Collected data
%%
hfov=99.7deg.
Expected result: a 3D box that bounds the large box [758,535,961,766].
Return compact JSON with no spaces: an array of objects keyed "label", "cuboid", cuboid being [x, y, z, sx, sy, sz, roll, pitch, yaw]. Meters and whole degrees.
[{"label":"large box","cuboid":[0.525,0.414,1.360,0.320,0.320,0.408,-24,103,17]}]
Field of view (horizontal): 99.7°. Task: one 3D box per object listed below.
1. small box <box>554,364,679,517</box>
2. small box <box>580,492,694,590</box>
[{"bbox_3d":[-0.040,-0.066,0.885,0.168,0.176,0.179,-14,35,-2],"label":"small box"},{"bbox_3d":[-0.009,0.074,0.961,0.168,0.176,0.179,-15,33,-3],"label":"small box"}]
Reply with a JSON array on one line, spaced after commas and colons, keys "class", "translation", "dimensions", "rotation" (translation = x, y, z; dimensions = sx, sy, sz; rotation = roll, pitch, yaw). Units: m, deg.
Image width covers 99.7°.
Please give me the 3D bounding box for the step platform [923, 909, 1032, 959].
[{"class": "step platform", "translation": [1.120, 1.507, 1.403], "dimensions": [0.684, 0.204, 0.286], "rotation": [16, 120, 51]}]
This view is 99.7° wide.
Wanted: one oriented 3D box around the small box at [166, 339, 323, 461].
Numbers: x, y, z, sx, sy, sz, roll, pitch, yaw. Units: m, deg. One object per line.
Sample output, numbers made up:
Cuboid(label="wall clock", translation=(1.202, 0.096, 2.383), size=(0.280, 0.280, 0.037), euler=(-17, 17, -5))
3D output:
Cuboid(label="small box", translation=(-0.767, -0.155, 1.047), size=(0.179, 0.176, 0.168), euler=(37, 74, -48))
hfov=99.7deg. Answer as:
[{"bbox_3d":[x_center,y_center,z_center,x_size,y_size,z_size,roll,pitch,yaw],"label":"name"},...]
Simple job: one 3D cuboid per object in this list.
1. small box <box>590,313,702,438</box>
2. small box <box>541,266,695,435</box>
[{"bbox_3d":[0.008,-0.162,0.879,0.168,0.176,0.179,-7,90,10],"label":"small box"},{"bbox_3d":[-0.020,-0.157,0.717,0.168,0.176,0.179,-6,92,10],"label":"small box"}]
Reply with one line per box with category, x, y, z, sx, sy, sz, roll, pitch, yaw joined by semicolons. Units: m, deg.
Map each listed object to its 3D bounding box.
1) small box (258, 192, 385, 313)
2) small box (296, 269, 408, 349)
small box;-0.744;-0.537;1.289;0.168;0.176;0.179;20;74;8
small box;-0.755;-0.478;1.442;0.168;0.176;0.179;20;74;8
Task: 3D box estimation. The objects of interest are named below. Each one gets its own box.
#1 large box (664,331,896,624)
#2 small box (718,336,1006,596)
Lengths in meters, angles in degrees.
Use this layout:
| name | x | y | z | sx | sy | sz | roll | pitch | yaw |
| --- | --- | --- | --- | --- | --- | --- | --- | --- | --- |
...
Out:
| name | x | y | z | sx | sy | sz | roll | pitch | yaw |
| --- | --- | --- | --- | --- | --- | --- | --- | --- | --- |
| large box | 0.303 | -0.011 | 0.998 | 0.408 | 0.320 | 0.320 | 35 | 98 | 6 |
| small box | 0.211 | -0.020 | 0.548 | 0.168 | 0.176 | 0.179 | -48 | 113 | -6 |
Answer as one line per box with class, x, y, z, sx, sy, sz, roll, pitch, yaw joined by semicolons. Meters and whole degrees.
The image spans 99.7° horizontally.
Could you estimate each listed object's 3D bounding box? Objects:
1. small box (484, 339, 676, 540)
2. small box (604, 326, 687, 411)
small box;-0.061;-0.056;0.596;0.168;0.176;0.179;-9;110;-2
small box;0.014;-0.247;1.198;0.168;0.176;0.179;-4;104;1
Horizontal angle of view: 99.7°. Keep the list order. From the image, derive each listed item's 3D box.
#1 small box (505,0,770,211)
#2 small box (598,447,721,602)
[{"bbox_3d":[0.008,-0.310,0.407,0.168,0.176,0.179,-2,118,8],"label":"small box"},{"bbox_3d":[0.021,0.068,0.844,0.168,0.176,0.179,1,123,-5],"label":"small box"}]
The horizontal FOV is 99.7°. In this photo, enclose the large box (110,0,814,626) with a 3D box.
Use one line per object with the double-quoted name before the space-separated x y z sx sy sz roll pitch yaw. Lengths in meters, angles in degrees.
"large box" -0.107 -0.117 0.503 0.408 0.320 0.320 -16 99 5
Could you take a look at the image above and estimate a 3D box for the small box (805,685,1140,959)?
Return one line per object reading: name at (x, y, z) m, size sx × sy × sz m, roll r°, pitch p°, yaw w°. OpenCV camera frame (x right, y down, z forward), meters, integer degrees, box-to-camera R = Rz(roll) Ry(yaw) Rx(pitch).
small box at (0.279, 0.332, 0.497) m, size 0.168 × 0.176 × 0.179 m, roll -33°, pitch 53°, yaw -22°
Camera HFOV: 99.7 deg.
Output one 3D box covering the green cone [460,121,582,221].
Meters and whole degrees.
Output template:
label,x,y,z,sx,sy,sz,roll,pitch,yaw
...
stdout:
%%
-- Task description --
Give back every entry exactly.

-- Response to this exercise --
hfov=99.7deg.
Expected result: a 3D box that bounds the large box [758,535,961,766].
Return compact JSON with no spaces: an array of objects keyed "label", "cuboid", cuboid being [x, y, z, sx, sy, sz, roll, pitch, yaw]. Meters and whole degrees.
[{"label":"large box","cuboid":[0.525,0.414,1.360,0.320,0.320,0.408,-24,103,17]}]
Field of view (horizontal): 99.7°. Task: one 3D box per object listed below.
1. small box <box>554,364,679,517</box>
2. small box <box>580,492,694,590</box>
[{"bbox_3d":[-0.040,-0.066,0.885,0.168,0.176,0.179,-14,35,-2],"label":"small box"},{"bbox_3d":[-0.009,0.074,0.961,0.168,0.176,0.179,-15,33,-3],"label":"small box"}]
Reply with a JSON array on one line, spaced after commas and colons, keys "class", "translation", "dimensions", "rotation" (translation = x, y, z; dimensions = sx, sy, sz; rotation = roll, pitch, yaw). Units: m, deg.
Image width covers 99.7°.
Please give me the 3D bounding box for the step platform [923, 909, 1032, 959].
[{"class": "step platform", "translation": [1.120, 1.507, 1.403], "dimensions": [0.684, 0.204, 0.286], "rotation": [16, 120, 51]}]
This view is 99.7° wide.
Wanted: one oriented 3D box around the small box at [166, 339, 323, 461].
Numbers: x, y, z, sx, sy, sz, roll, pitch, yaw. Units: m, deg. One object per line.
Sample output, numbers made up:
Cuboid(label="wall clock", translation=(1.202, 0.096, 2.383), size=(0.280, 0.280, 0.037), euler=(-17, 17, -5))
3D output:
Cuboid(label="small box", translation=(-0.767, -0.155, 1.047), size=(0.179, 0.176, 0.168), euler=(37, 74, -48))
hfov=99.7deg. Answer as:
[{"bbox_3d":[x_center,y_center,z_center,x_size,y_size,z_size,roll,pitch,yaw],"label":"name"},...]
Simple job: one 3D cuboid per object in this list.
1. small box <box>590,313,702,438</box>
2. small box <box>541,266,695,435</box>
[{"bbox_3d":[0.008,-0.162,0.879,0.168,0.176,0.179,-7,90,10],"label":"small box"},{"bbox_3d":[-0.020,-0.157,0.717,0.168,0.176,0.179,-6,92,10],"label":"small box"}]
Reply with one line per box with category, x, y, z, sx, sy, sz, roll, pitch, yaw joined by semicolons. Units: m, deg.
Map each listed object to its 3D bounding box.
1) small box (258, 192, 385, 313)
2) small box (296, 269, 408, 349)
small box;-0.744;-0.537;1.289;0.168;0.176;0.179;20;74;8
small box;-0.755;-0.478;1.442;0.168;0.176;0.179;20;74;8
Task: 3D box estimation. The objects of interest are named below. Each one gets its own box.
#1 large box (664,331,896,624)
#2 small box (718,336,1006,596)
Lengths in meters, angles in degrees.
Use this layout:
| name | x | y | z | sx | sy | sz | roll | pitch | yaw |
| --- | --- | --- | --- | --- | --- | --- | --- | --- | --- |
...
Out:
| name | x | y | z | sx | sy | sz | roll | pitch | yaw |
| --- | --- | --- | --- | --- | --- | --- | --- | --- | --- |
| large box | 0.303 | -0.011 | 0.998 | 0.408 | 0.320 | 0.320 | 35 | 98 | 6 |
| small box | 0.211 | -0.020 | 0.548 | 0.168 | 0.176 | 0.179 | -48 | 113 | -6 |
Answer as one line per box with class, x, y, z, sx, sy, sz, roll, pitch, yaw joined by semicolons. Meters and whole degrees.
The image spans 99.7° horizontally.
Could you estimate each listed object's 3D bounding box? Objects:
1. small box (484, 339, 676, 540)
2. small box (604, 326, 687, 411)
small box;-0.061;-0.056;0.596;0.168;0.176;0.179;-9;110;-2
small box;0.014;-0.247;1.198;0.168;0.176;0.179;-4;104;1
Horizontal angle of view: 99.7°. Keep the list order. From the image, derive each listed item's 3D box.
#1 small box (505,0,770,211)
#2 small box (598,447,721,602)
[{"bbox_3d":[0.008,-0.310,0.407,0.168,0.176,0.179,-2,118,8],"label":"small box"},{"bbox_3d":[0.021,0.068,0.844,0.168,0.176,0.179,1,123,-5],"label":"small box"}]
The horizontal FOV is 99.7°. In this photo, enclose the large box (110,0,814,626) with a 3D box.
Use one line per object with the double-quoted name before the space-separated x y z sx sy sz roll pitch yaw. Lengths in meters, angles in degrees.
"large box" -0.107 -0.117 0.503 0.408 0.320 0.320 -16 99 5
Could you take a look at the image above and estimate a 3D box for the small box (805,685,1140,959)?
Return one line per object reading: name at (x, y, z) m, size sx × sy × sz m, roll r°, pitch p°, yaw w°. OpenCV camera frame (x right, y down, z forward), meters, integer degrees, box-to-camera R = Rz(roll) Ry(yaw) Rx(pitch).
small box at (0.279, 0.332, 0.497) m, size 0.168 × 0.176 × 0.179 m, roll -33°, pitch 53°, yaw -22°
Camera HFOV: 99.7 deg.
Output one 3D box covering the green cone [460,121,582,221].
Meters and whole degrees.
Output template:
label,x,y,z,sx,sy,sz,roll,pitch,yaw
...
stdout:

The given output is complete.